Happy birthday to Ballard Locks!
Crowded Ballard Locks, circa 1960. (Photo courtesy Washington State Archives.)
Whether you know the man-made channel connecting the saltwater of Puget Sound with the freshwater of Lake Union and Lake Washington as the Lake Washington Ship Canal, Ballard Locks, or the formal Hiram Chittenden Locks, the history is the same.
One of the Northwest’s best-known pioneers, Thomas Mercer, suggested in 1854 to connect the region’s natural bodies of water on the newly established community’s first Independence Day celebration. Mercer declared Tenas Chuck to be Lake Union, perhaps as a suggestive hint of what the future held for the body of water.
Ballard Locks circa 1960. (Photo courtesy Washington State Archives.)
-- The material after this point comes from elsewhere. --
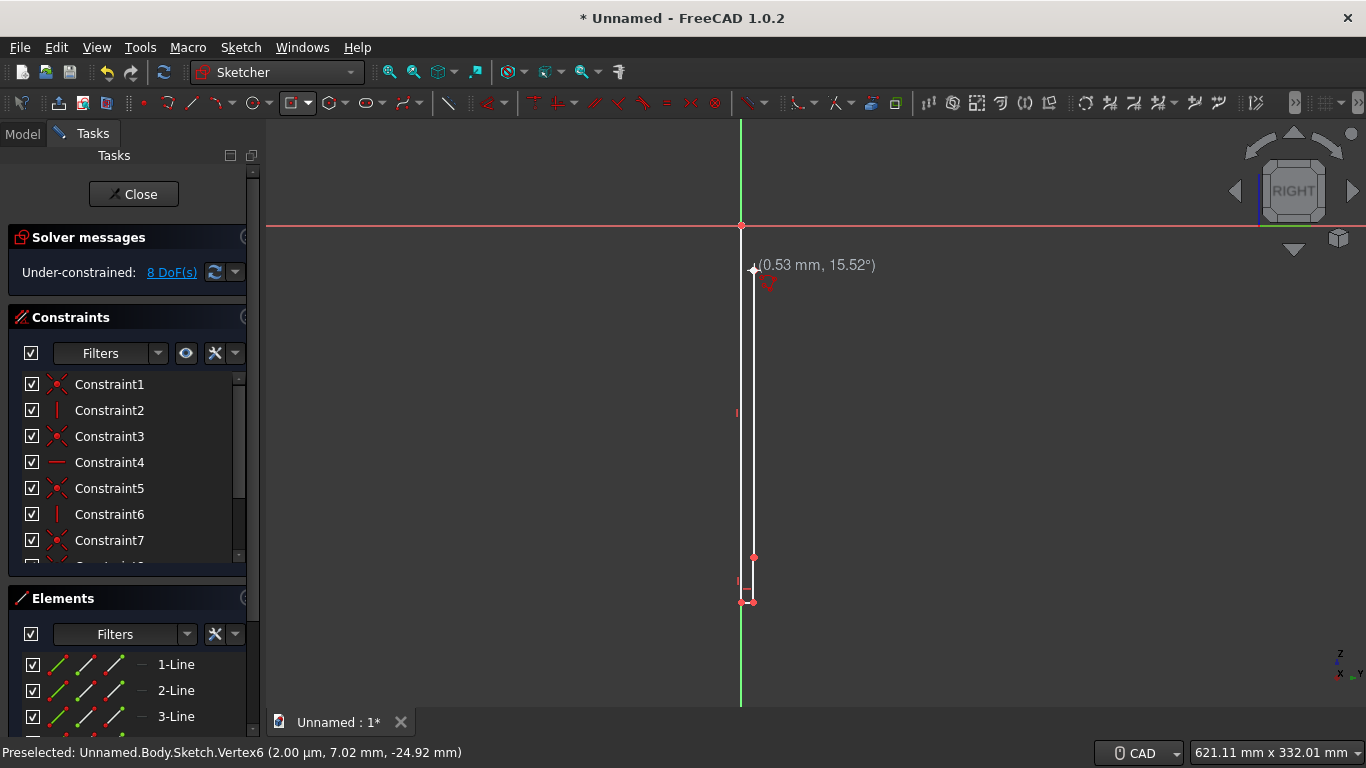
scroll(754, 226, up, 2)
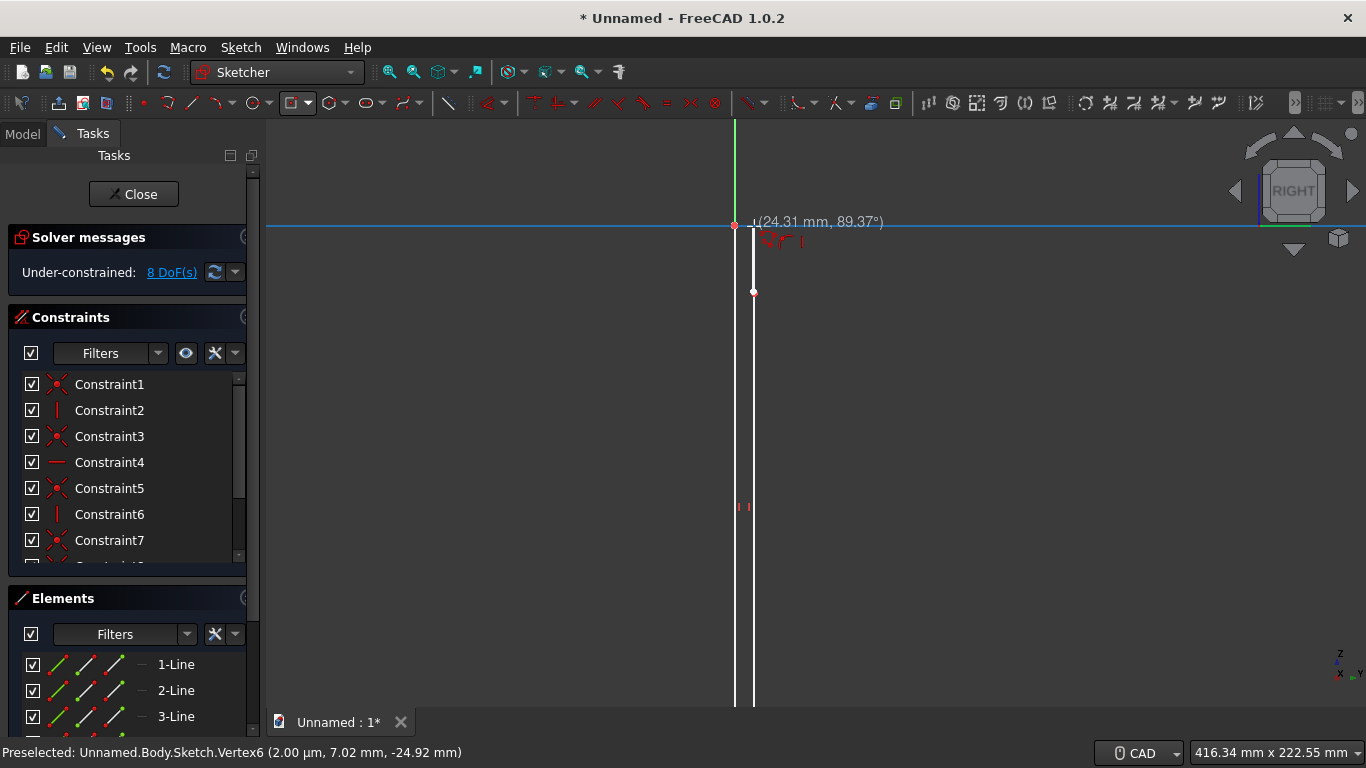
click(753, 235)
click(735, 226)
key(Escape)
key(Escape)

On July 4, 1917, at the Ballard Ship Canal and Locks official opening ceremonies, which were held after some 17,000 marine vessels had already passed through the locks, the SS Roosevelt led a grand celebration of 300 vessels of every size and shape in the procession through the new construction.
The SS Roosevelt was followed by a reading of a telegram from the great canal builder himself, Theodore Roosevelt, who congratulated the city of Seattle. Roosevelt said, “The celebration is of consequence to the whole country.” To add to the spectacle of the 1917 event, one of Bill Boeing’s first airplanes flew overhead in celebration, a prelude to Seafair.
The locks were eventually named for General Hiram Chittenden, an appropriate choice as he was a tireless proponent for the construction of the Ballard Ship Canal and Locks. The locks continue to attract not only seafaring vehicles but tourists alike, over 75,000 a year!